For the staff, members and fans of the National Corvette Museum in Bowling Green, Kentucky, bad news came during the early morning hours of February 12, 2014 when a sinkhole opened up under its Skydome display area. Security camera footage shows something like a million dollars worth of prized Corvettes tumbling thirty feet into a 40 x 60-foot chasm where they were crushed by tons of dirt, rocks, concrete and other Corvettes. Fortunately, three were not damaged beyond repair. Five of the iconic sports cars, however, were crushed nearly flat and can’t be fixed. Eighteen months later, the hole has been filled in, and the museum awaits restoration of the final damaged Corvette.
The fascinating twist in all of this is that museum attendance has increased significantly since those dark days two winters ago as Corvette aficionados in far greater numbers stop by to see the hole and inspect the damaged cars on display. The sinkhole has been filled in and the floor repaired. And the museum staff, who work among seemingly endless displays created around the Corvette theme, remain optimistic that publicity generated by the event will keep fans coming.

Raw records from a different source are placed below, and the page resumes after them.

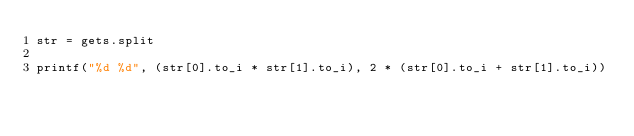<code> <loc_0><loc_0><loc_500><loc_500><_Ruby_>str = gets.split

printf("%d %d", (str[0].to_i * str[1].to_i), 2 * (str[0].to_i + str[1].to_i))

</code> 
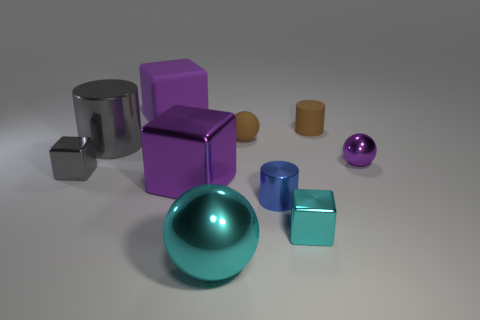There is a ball that is the same size as the purple rubber block; what color is it?
Ensure brevity in your answer.  Cyan. What number of other objects are there of the same shape as the large gray shiny thing?
Make the answer very short. 2. Does the blue cylinder have the same size as the cylinder that is on the left side of the tiny blue cylinder?
Ensure brevity in your answer.  No. What number of things are either tiny gray metal objects or tiny blocks?
Make the answer very short. 2. What number of other objects are there of the same size as the matte cylinder?
Ensure brevity in your answer.  5. There is a matte block; is it the same color as the big cube that is in front of the small matte ball?
Offer a very short reply. Yes. What number of cylinders are small blue things or big metal things?
Ensure brevity in your answer.  2. Are there any other things of the same color as the small metallic cylinder?
Your answer should be compact. No. What material is the sphere in front of the gray shiny thing that is to the left of the gray cylinder made of?
Your answer should be compact. Metal. Is the material of the large gray cylinder the same as the large purple object that is behind the large gray cylinder?
Keep it short and to the point. No. 
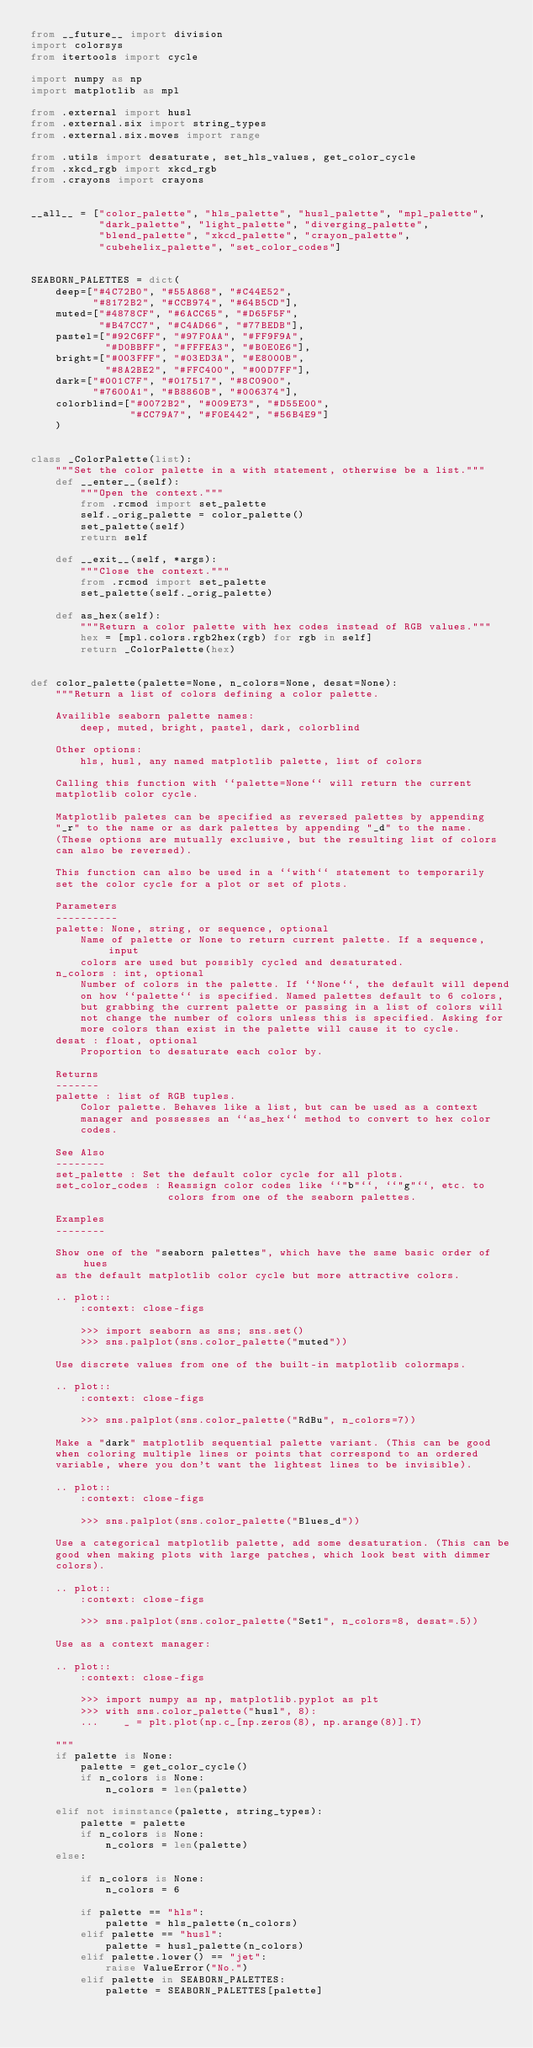Convert code to text. <code><loc_0><loc_0><loc_500><loc_500><_Python_>from __future__ import division
import colorsys
from itertools import cycle

import numpy as np
import matplotlib as mpl

from .external import husl
from .external.six import string_types
from .external.six.moves import range

from .utils import desaturate, set_hls_values, get_color_cycle
from .xkcd_rgb import xkcd_rgb
from .crayons import crayons


__all__ = ["color_palette", "hls_palette", "husl_palette", "mpl_palette",
           "dark_palette", "light_palette", "diverging_palette",
           "blend_palette", "xkcd_palette", "crayon_palette",
           "cubehelix_palette", "set_color_codes"]


SEABORN_PALETTES = dict(
    deep=["#4C72B0", "#55A868", "#C44E52",
          "#8172B2", "#CCB974", "#64B5CD"],
    muted=["#4878CF", "#6ACC65", "#D65F5F",
           "#B47CC7", "#C4AD66", "#77BEDB"],
    pastel=["#92C6FF", "#97F0AA", "#FF9F9A",
            "#D0BBFF", "#FFFEA3", "#B0E0E6"],
    bright=["#003FFF", "#03ED3A", "#E8000B",
            "#8A2BE2", "#FFC400", "#00D7FF"],
    dark=["#001C7F", "#017517", "#8C0900",
          "#7600A1", "#B8860B", "#006374"],
    colorblind=["#0072B2", "#009E73", "#D55E00",
                "#CC79A7", "#F0E442", "#56B4E9"]
    )


class _ColorPalette(list):
    """Set the color palette in a with statement, otherwise be a list."""
    def __enter__(self):
        """Open the context."""
        from .rcmod import set_palette
        self._orig_palette = color_palette()
        set_palette(self)
        return self

    def __exit__(self, *args):
        """Close the context."""
        from .rcmod import set_palette
        set_palette(self._orig_palette)

    def as_hex(self):
        """Return a color palette with hex codes instead of RGB values."""
        hex = [mpl.colors.rgb2hex(rgb) for rgb in self]
        return _ColorPalette(hex)


def color_palette(palette=None, n_colors=None, desat=None):
    """Return a list of colors defining a color palette.

    Availible seaborn palette names:
        deep, muted, bright, pastel, dark, colorblind

    Other options:
        hls, husl, any named matplotlib palette, list of colors

    Calling this function with ``palette=None`` will return the current
    matplotlib color cycle.

    Matplotlib paletes can be specified as reversed palettes by appending
    "_r" to the name or as dark palettes by appending "_d" to the name.
    (These options are mutually exclusive, but the resulting list of colors
    can also be reversed).

    This function can also be used in a ``with`` statement to temporarily
    set the color cycle for a plot or set of plots.

    Parameters
    ----------
    palette: None, string, or sequence, optional
        Name of palette or None to return current palette. If a sequence, input
        colors are used but possibly cycled and desaturated.
    n_colors : int, optional
        Number of colors in the palette. If ``None``, the default will depend
        on how ``palette`` is specified. Named palettes default to 6 colors,
        but grabbing the current palette or passing in a list of colors will
        not change the number of colors unless this is specified. Asking for
        more colors than exist in the palette will cause it to cycle.
    desat : float, optional
        Proportion to desaturate each color by.

    Returns
    -------
    palette : list of RGB tuples.
        Color palette. Behaves like a list, but can be used as a context
        manager and possesses an ``as_hex`` method to convert to hex color
        codes.

    See Also
    --------
    set_palette : Set the default color cycle for all plots.
    set_color_codes : Reassign color codes like ``"b"``, ``"g"``, etc. to
                      colors from one of the seaborn palettes.

    Examples
    --------

    Show one of the "seaborn palettes", which have the same basic order of hues
    as the default matplotlib color cycle but more attractive colors.

    .. plot::
        :context: close-figs

        >>> import seaborn as sns; sns.set()
        >>> sns.palplot(sns.color_palette("muted"))

    Use discrete values from one of the built-in matplotlib colormaps.

    .. plot::
        :context: close-figs

        >>> sns.palplot(sns.color_palette("RdBu", n_colors=7))

    Make a "dark" matplotlib sequential palette variant. (This can be good
    when coloring multiple lines or points that correspond to an ordered
    variable, where you don't want the lightest lines to be invisible).

    .. plot::
        :context: close-figs

        >>> sns.palplot(sns.color_palette("Blues_d"))

    Use a categorical matplotlib palette, add some desaturation. (This can be
    good when making plots with large patches, which look best with dimmer
    colors).

    .. plot::
        :context: close-figs

        >>> sns.palplot(sns.color_palette("Set1", n_colors=8, desat=.5))

    Use as a context manager:

    .. plot::
        :context: close-figs

        >>> import numpy as np, matplotlib.pyplot as plt
        >>> with sns.color_palette("husl", 8):
        ...    _ = plt.plot(np.c_[np.zeros(8), np.arange(8)].T)

    """
    if palette is None:
        palette = get_color_cycle()
        if n_colors is None:
            n_colors = len(palette)

    elif not isinstance(palette, string_types):
        palette = palette
        if n_colors is None:
            n_colors = len(palette)
    else:

        if n_colors is None:
            n_colors = 6

        if palette == "hls":
            palette = hls_palette(n_colors)
        elif palette == "husl":
            palette = husl_palette(n_colors)
        elif palette.lower() == "jet":
            raise ValueError("No.")
        elif palette in SEABORN_PALETTES:
            palette = SEABORN_PALETTES[palette]</code>

“People just really enjoy hearing the story and like seeing the damage,” spokesperson Katie Frassinelli said, in a story reported by Associated Press. “I guess it’s the rubberneck effect.”
We all get that. It borders on shocking to see violent damage inflicted on a Corvette or some other finely crafted machine that’s been whacked or crushed or flooded – like the rows of new Volkswagens destroyed in last week’s Tianjin, China explosion and fire.
But what I don’t get is how little story about the sinkhole event there is on the Corvette Museum’s Web site, which, given all the notoriety and increased attendance, should be featured more prominently – or at least be directly accessible from the site’s landing page. I had to hunt and hunt and hunt before I found mention of the sinkhole ‘Vettes and even sat patiently through a breathlessly paced video that I thought might contain footage of the cars tumbling toward their fate – or the sinkhole’s after effects; it did not.
To their credit, the museum has embraced what at first must have seemed like a nightmare and has turned it into a plus. They just need to let the world know about it more effectively – front and center. They need more story, because as no less a personage than The Donald has said,
“Sometimes by losing a battle you find a new way to win the war.”
TakeAway: Shine up that bad apple and put it to work for your business.